Goal of the exercise
Print the entries below word for word; the pictures stay out of your copy.

Material for this task
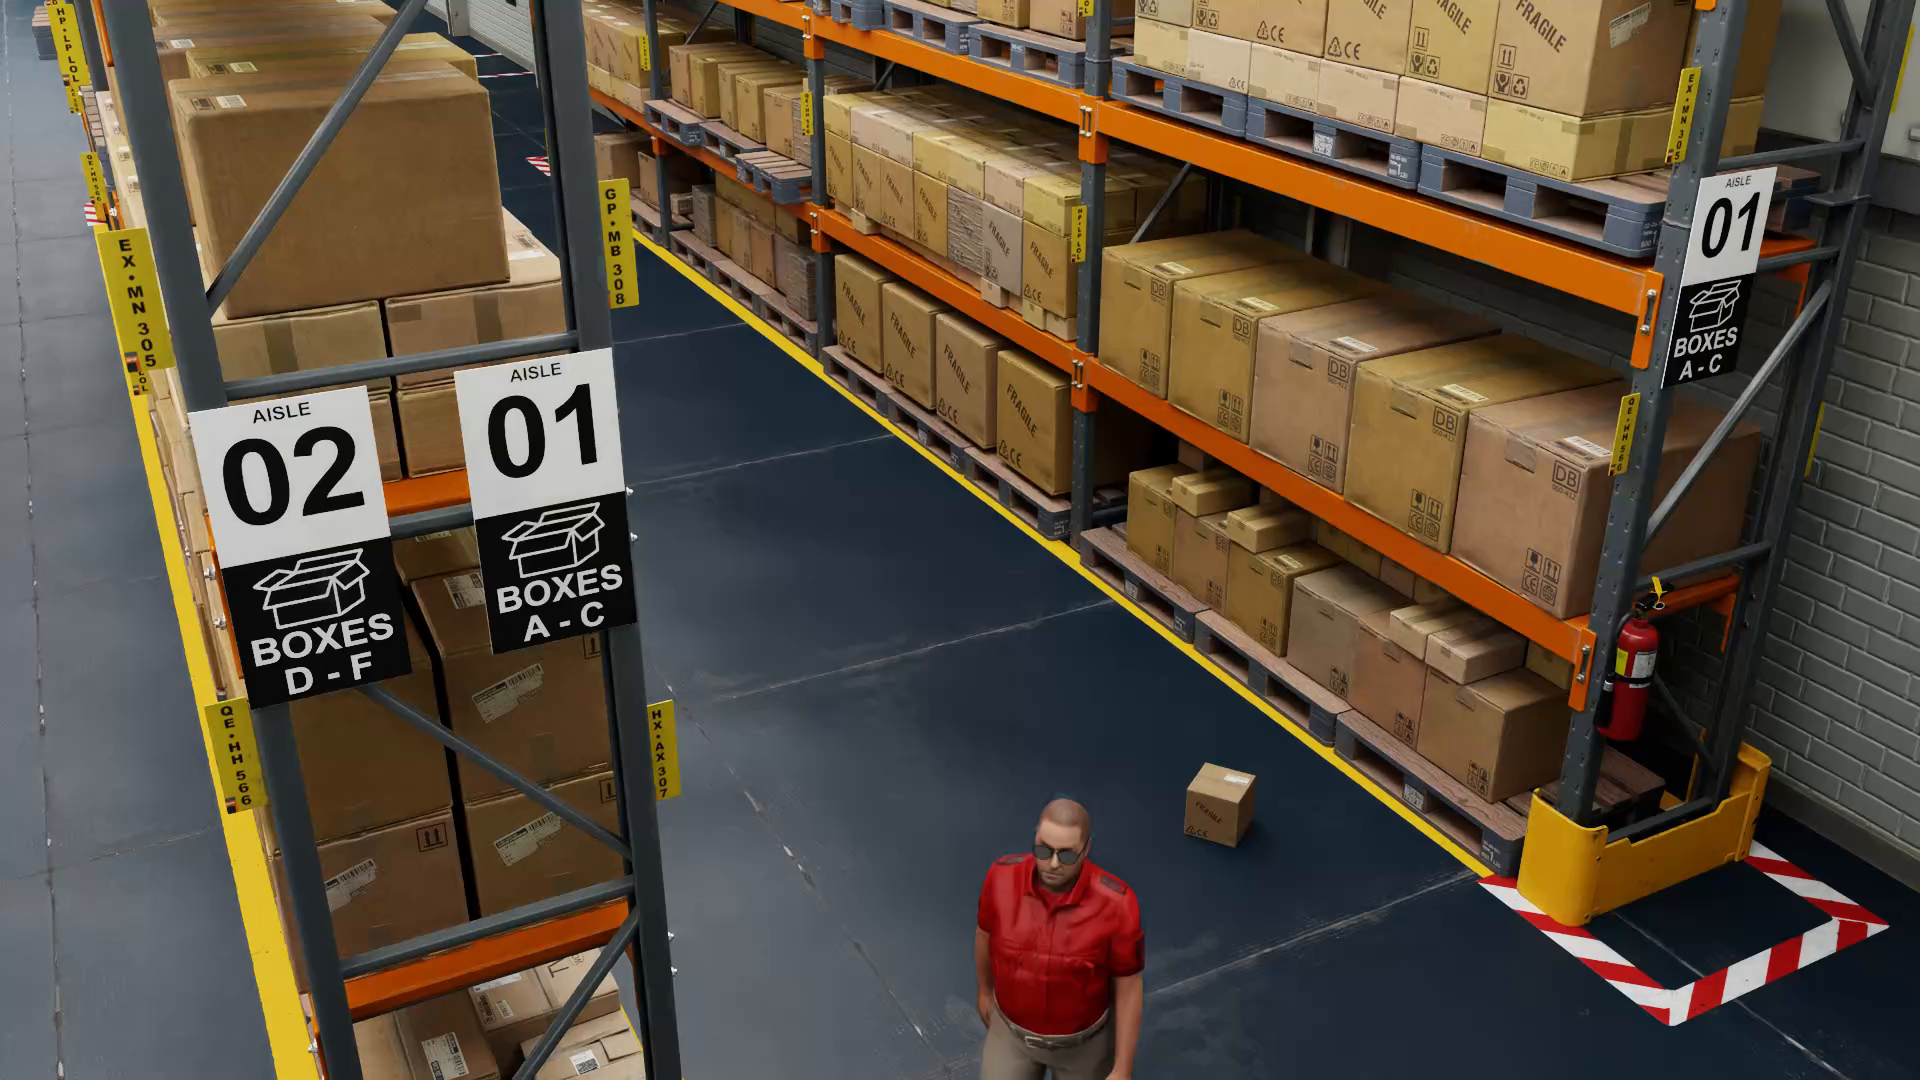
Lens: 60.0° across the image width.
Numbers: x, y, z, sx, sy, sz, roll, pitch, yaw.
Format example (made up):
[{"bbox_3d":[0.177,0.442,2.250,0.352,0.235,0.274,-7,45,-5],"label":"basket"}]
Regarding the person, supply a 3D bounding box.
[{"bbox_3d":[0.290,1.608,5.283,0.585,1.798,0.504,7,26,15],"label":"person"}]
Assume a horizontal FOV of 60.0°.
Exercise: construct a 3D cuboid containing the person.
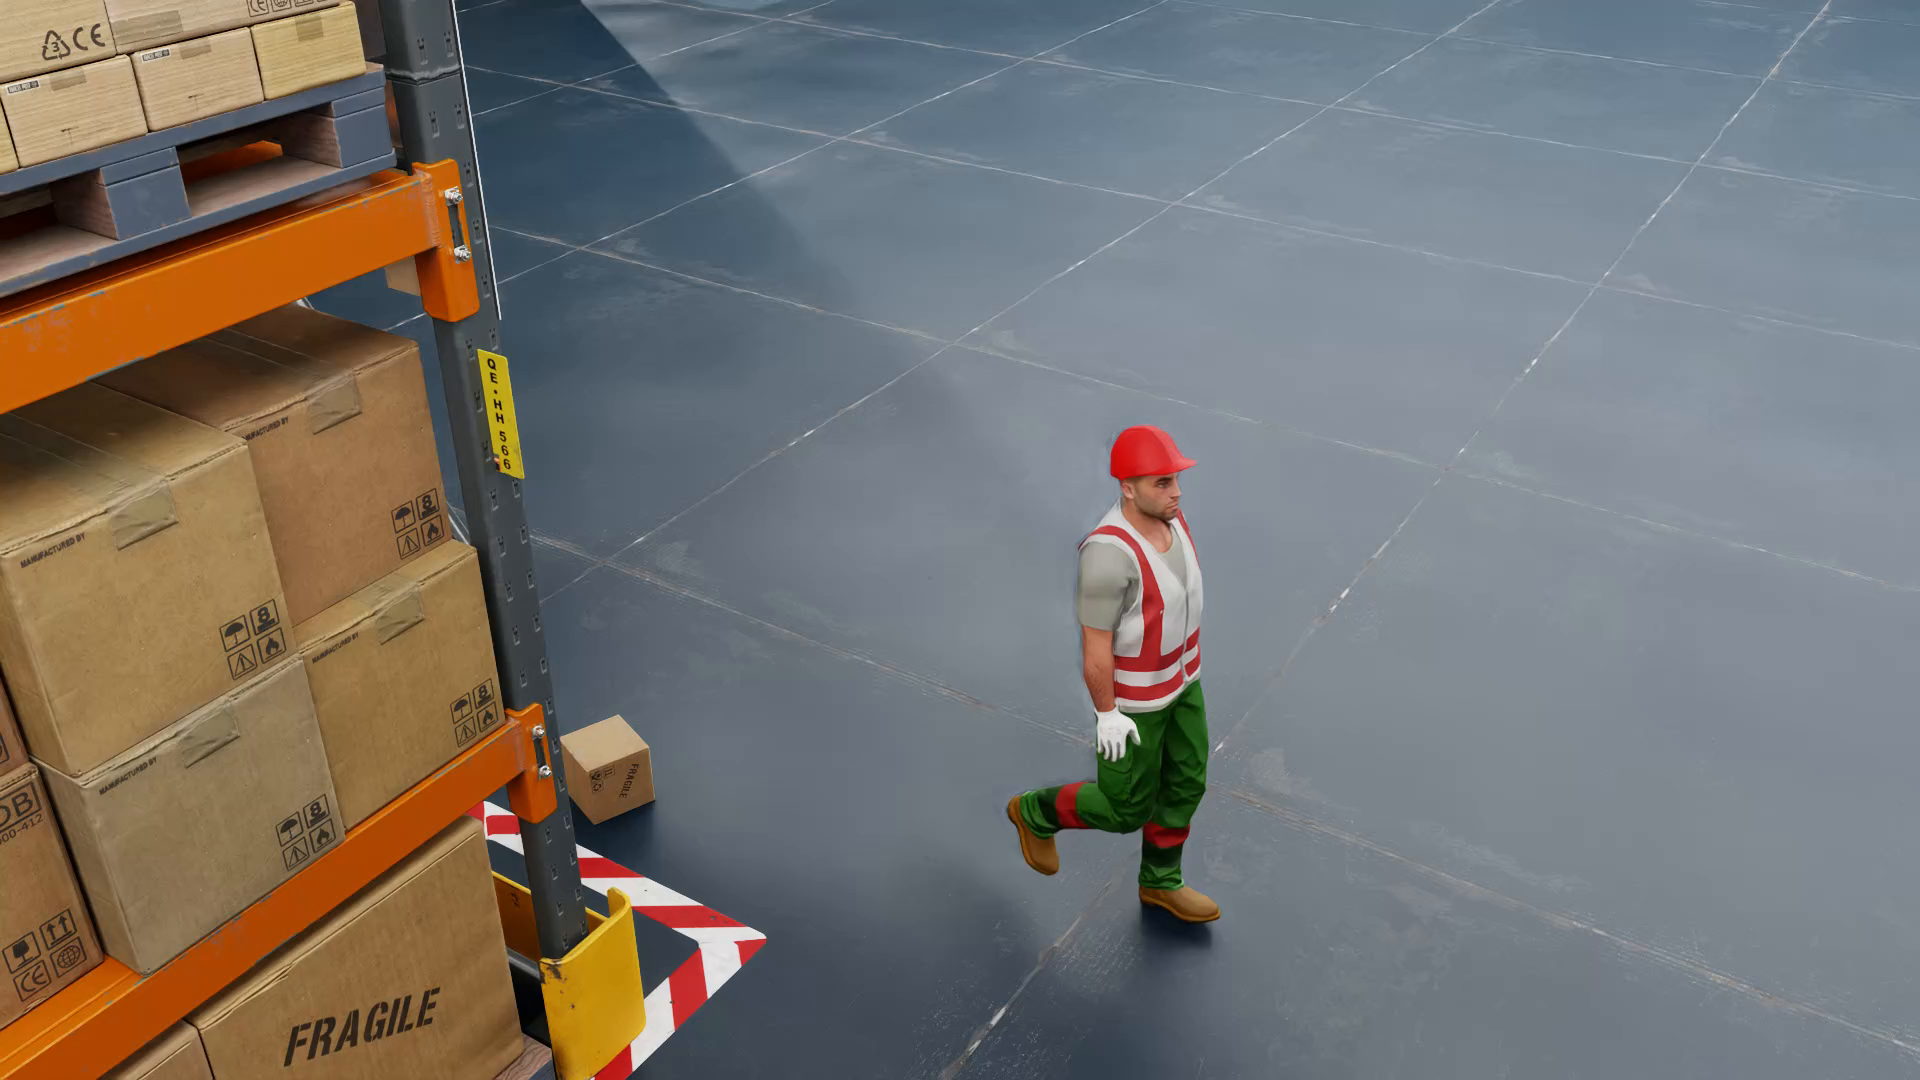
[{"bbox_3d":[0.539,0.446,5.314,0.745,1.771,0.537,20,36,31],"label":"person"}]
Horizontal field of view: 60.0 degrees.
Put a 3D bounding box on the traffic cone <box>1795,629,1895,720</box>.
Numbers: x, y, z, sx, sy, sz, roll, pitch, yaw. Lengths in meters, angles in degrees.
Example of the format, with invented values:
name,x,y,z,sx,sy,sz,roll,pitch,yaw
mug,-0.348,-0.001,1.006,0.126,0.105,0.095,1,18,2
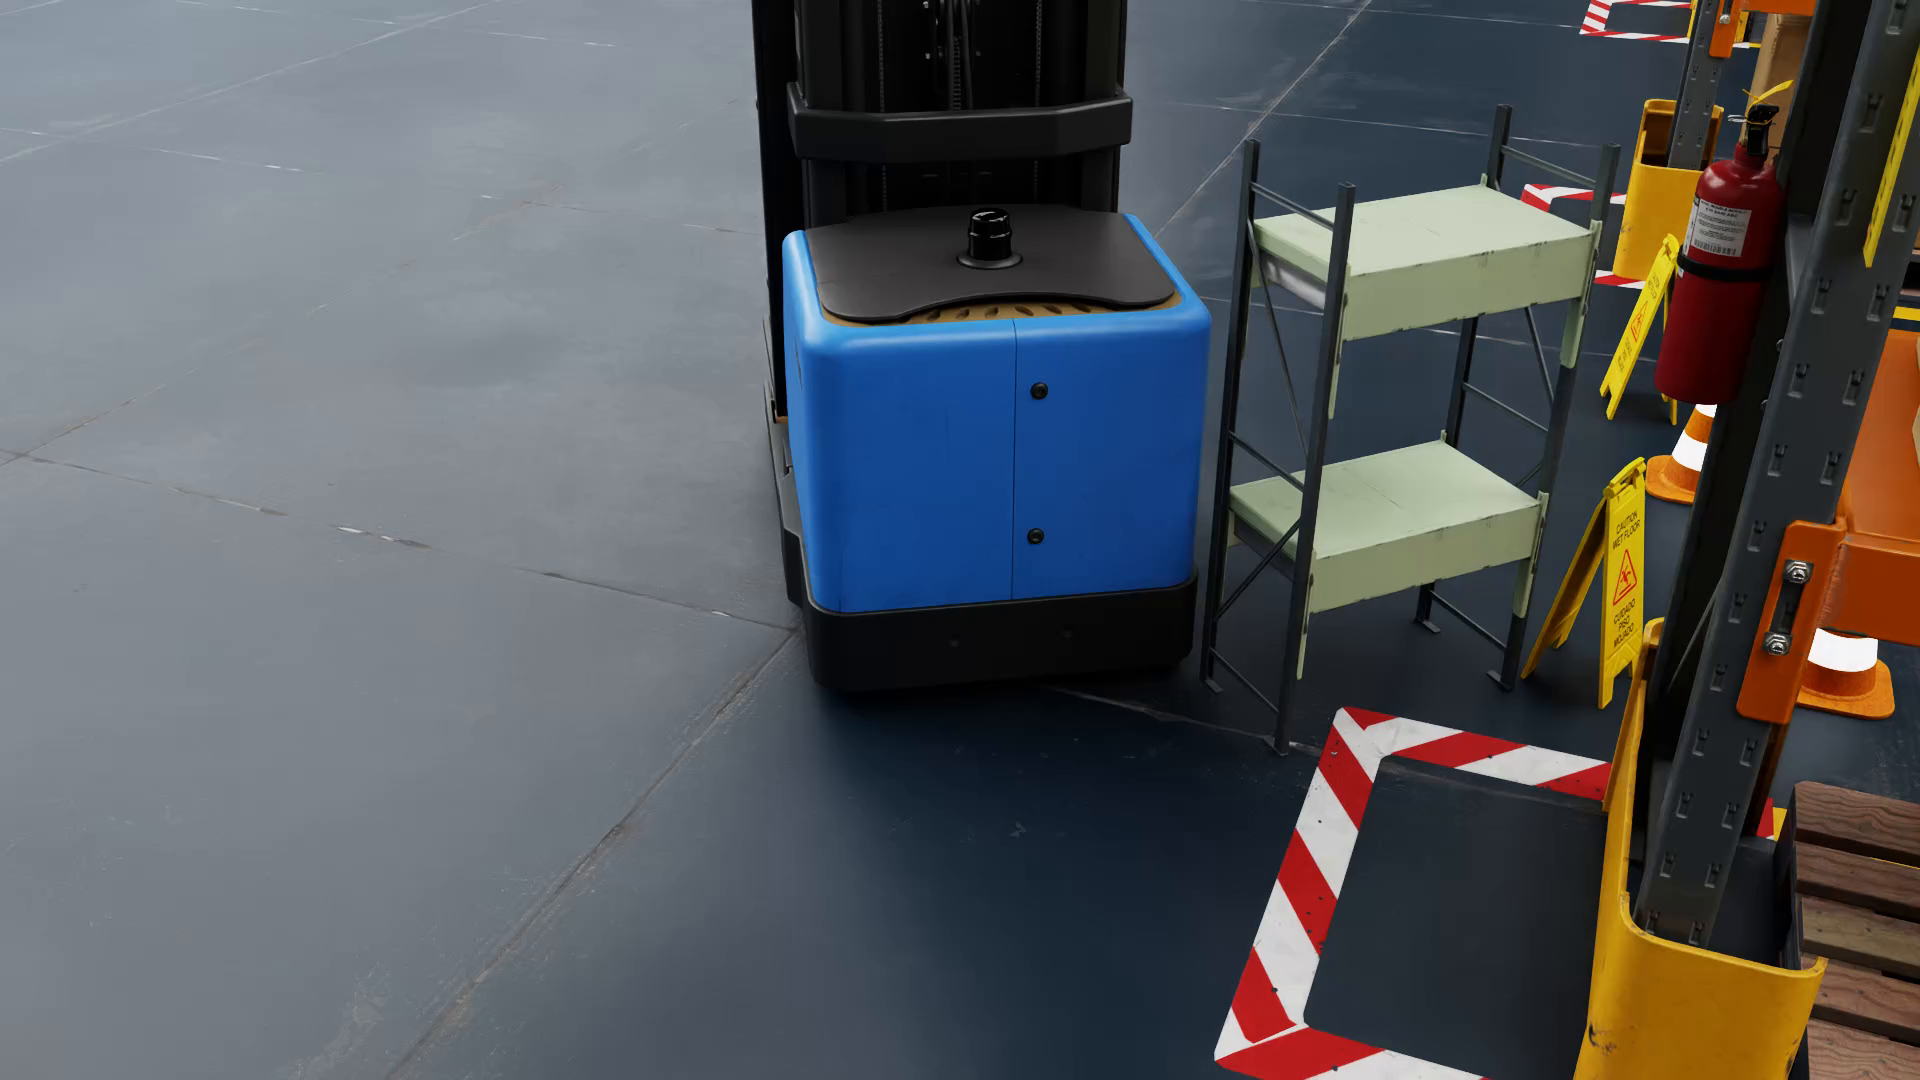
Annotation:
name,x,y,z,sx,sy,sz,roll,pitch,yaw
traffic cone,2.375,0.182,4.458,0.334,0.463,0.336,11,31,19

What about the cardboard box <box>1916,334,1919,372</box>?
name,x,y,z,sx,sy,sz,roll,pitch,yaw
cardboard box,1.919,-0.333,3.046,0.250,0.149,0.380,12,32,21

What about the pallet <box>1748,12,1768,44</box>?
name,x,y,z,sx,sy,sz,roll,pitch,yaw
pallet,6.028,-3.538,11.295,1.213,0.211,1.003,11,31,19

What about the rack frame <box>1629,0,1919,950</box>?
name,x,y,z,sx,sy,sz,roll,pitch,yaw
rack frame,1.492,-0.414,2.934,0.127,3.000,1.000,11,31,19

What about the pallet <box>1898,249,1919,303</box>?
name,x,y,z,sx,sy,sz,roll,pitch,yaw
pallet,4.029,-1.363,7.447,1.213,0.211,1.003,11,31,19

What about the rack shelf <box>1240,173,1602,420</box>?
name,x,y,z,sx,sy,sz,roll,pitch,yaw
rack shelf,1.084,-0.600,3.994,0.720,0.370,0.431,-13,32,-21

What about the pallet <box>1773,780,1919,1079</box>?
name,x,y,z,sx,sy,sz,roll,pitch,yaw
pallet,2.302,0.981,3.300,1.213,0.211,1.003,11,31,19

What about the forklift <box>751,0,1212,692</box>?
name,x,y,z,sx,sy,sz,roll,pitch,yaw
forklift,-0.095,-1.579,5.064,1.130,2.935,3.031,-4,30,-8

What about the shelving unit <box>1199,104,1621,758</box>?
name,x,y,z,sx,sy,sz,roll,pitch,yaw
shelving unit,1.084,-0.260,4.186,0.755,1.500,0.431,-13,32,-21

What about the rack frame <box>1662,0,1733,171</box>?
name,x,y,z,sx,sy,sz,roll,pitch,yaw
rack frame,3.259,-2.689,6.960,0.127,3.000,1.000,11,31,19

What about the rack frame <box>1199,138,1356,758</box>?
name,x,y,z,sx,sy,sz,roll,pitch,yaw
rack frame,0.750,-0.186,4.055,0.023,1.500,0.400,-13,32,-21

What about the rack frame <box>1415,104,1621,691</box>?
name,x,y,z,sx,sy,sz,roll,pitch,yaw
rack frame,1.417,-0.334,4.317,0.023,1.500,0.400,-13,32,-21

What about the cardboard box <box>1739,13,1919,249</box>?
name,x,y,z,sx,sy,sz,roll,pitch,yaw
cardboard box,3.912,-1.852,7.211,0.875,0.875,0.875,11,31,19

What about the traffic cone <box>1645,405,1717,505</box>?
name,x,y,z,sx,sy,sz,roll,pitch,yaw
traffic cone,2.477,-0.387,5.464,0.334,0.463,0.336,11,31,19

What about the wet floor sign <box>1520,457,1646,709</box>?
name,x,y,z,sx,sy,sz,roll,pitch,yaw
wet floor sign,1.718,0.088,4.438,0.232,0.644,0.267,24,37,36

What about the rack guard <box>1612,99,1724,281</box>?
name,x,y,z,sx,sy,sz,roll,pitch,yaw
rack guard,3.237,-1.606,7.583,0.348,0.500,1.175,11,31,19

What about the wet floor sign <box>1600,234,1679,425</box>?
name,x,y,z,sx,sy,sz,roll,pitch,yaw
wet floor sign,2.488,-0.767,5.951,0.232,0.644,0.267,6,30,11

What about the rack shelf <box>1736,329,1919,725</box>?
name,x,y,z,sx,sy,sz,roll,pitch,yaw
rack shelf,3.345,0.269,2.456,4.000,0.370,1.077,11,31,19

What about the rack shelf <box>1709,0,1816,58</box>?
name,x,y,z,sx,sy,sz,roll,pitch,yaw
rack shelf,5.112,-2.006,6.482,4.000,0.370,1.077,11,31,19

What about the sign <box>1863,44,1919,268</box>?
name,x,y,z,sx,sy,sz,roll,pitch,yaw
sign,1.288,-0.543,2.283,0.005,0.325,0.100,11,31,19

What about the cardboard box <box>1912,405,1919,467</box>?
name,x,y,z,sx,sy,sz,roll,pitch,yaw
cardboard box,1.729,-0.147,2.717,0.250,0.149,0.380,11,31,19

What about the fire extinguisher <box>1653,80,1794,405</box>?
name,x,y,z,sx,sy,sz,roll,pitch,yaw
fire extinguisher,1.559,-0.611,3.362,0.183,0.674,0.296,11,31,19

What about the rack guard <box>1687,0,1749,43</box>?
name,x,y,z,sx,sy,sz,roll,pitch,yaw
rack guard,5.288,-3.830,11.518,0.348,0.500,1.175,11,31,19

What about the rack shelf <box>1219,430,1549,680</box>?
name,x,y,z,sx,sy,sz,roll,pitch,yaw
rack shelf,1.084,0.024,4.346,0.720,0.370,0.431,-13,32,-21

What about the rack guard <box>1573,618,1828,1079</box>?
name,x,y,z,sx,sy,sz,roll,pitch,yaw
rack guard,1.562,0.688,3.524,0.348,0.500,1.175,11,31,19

Result of this exercise
Lens: 60.0° across the image width.
Numbers: x, y, z, sx, sy, sz, roll, pitch, yaw.
Format example (made up):
[{"bbox_3d":[0.177,0.442,2.250,0.352,0.235,0.274,-7,45,-5],"label":"basket"}]
Regarding the person, supply a 3D bounding box.
[{"bbox_3d":[0.290,1.608,5.283,0.585,1.798,0.504,7,26,15],"label":"person"}]
Assume a horizontal FOV of 60.0°.
Exercise: construct a 3D cuboid containing the person.
[{"bbox_3d":[0.539,0.446,5.314,0.745,1.771,0.537,20,36,31],"label":"person"}]
Horizontal field of view: 60.0 degrees.
Put a 3D bounding box on the traffic cone <box>1795,629,1895,720</box>.
Numbers: x, y, z, sx, sy, sz, roll, pitch, yaw. Lengths in meters, angles in degrees.
Example of the format, with invented values:
name,x,y,z,sx,sy,sz,roll,pitch,yaw
mug,-0.348,-0.001,1.006,0.126,0.105,0.095,1,18,2
Annotation:
name,x,y,z,sx,sy,sz,roll,pitch,yaw
traffic cone,2.375,0.182,4.458,0.334,0.463,0.336,11,31,19

What about the cardboard box <box>1916,334,1919,372</box>?
name,x,y,z,sx,sy,sz,roll,pitch,yaw
cardboard box,1.919,-0.333,3.046,0.250,0.149,0.380,12,32,21

What about the pallet <box>1748,12,1768,44</box>?
name,x,y,z,sx,sy,sz,roll,pitch,yaw
pallet,6.028,-3.538,11.295,1.213,0.211,1.003,11,31,19

What about the rack frame <box>1629,0,1919,950</box>?
name,x,y,z,sx,sy,sz,roll,pitch,yaw
rack frame,1.492,-0.414,2.934,0.127,3.000,1.000,11,31,19

What about the pallet <box>1898,249,1919,303</box>?
name,x,y,z,sx,sy,sz,roll,pitch,yaw
pallet,4.029,-1.363,7.447,1.213,0.211,1.003,11,31,19

What about the rack shelf <box>1240,173,1602,420</box>?
name,x,y,z,sx,sy,sz,roll,pitch,yaw
rack shelf,1.084,-0.600,3.994,0.720,0.370,0.431,-13,32,-21

What about the pallet <box>1773,780,1919,1079</box>?
name,x,y,z,sx,sy,sz,roll,pitch,yaw
pallet,2.302,0.981,3.300,1.213,0.211,1.003,11,31,19

What about the forklift <box>751,0,1212,692</box>?
name,x,y,z,sx,sy,sz,roll,pitch,yaw
forklift,-0.095,-1.579,5.064,1.130,2.935,3.031,-4,30,-8

What about the shelving unit <box>1199,104,1621,758</box>?
name,x,y,z,sx,sy,sz,roll,pitch,yaw
shelving unit,1.084,-0.260,4.186,0.755,1.500,0.431,-13,32,-21

What about the rack frame <box>1662,0,1733,171</box>?
name,x,y,z,sx,sy,sz,roll,pitch,yaw
rack frame,3.259,-2.689,6.960,0.127,3.000,1.000,11,31,19

What about the rack frame <box>1199,138,1356,758</box>?
name,x,y,z,sx,sy,sz,roll,pitch,yaw
rack frame,0.750,-0.186,4.055,0.023,1.500,0.400,-13,32,-21

What about the rack frame <box>1415,104,1621,691</box>?
name,x,y,z,sx,sy,sz,roll,pitch,yaw
rack frame,1.417,-0.334,4.317,0.023,1.500,0.400,-13,32,-21

What about the cardboard box <box>1739,13,1919,249</box>?
name,x,y,z,sx,sy,sz,roll,pitch,yaw
cardboard box,3.912,-1.852,7.211,0.875,0.875,0.875,11,31,19

What about the traffic cone <box>1645,405,1717,505</box>?
name,x,y,z,sx,sy,sz,roll,pitch,yaw
traffic cone,2.477,-0.387,5.464,0.334,0.463,0.336,11,31,19

What about the wet floor sign <box>1520,457,1646,709</box>?
name,x,y,z,sx,sy,sz,roll,pitch,yaw
wet floor sign,1.718,0.088,4.438,0.232,0.644,0.267,24,37,36

What about the rack guard <box>1612,99,1724,281</box>?
name,x,y,z,sx,sy,sz,roll,pitch,yaw
rack guard,3.237,-1.606,7.583,0.348,0.500,1.175,11,31,19

What about the wet floor sign <box>1600,234,1679,425</box>?
name,x,y,z,sx,sy,sz,roll,pitch,yaw
wet floor sign,2.488,-0.767,5.951,0.232,0.644,0.267,6,30,11

What about the rack shelf <box>1736,329,1919,725</box>?
name,x,y,z,sx,sy,sz,roll,pitch,yaw
rack shelf,3.345,0.269,2.456,4.000,0.370,1.077,11,31,19

What about the rack shelf <box>1709,0,1816,58</box>?
name,x,y,z,sx,sy,sz,roll,pitch,yaw
rack shelf,5.112,-2.006,6.482,4.000,0.370,1.077,11,31,19

What about the sign <box>1863,44,1919,268</box>?
name,x,y,z,sx,sy,sz,roll,pitch,yaw
sign,1.288,-0.543,2.283,0.005,0.325,0.100,11,31,19

What about the cardboard box <box>1912,405,1919,467</box>?
name,x,y,z,sx,sy,sz,roll,pitch,yaw
cardboard box,1.729,-0.147,2.717,0.250,0.149,0.380,11,31,19

What about the fire extinguisher <box>1653,80,1794,405</box>?
name,x,y,z,sx,sy,sz,roll,pitch,yaw
fire extinguisher,1.559,-0.611,3.362,0.183,0.674,0.296,11,31,19

What about the rack guard <box>1687,0,1749,43</box>?
name,x,y,z,sx,sy,sz,roll,pitch,yaw
rack guard,5.288,-3.830,11.518,0.348,0.500,1.175,11,31,19

What about the rack shelf <box>1219,430,1549,680</box>?
name,x,y,z,sx,sy,sz,roll,pitch,yaw
rack shelf,1.084,0.024,4.346,0.720,0.370,0.431,-13,32,-21

What about the rack guard <box>1573,618,1828,1079</box>?
name,x,y,z,sx,sy,sz,roll,pitch,yaw
rack guard,1.562,0.688,3.524,0.348,0.500,1.175,11,31,19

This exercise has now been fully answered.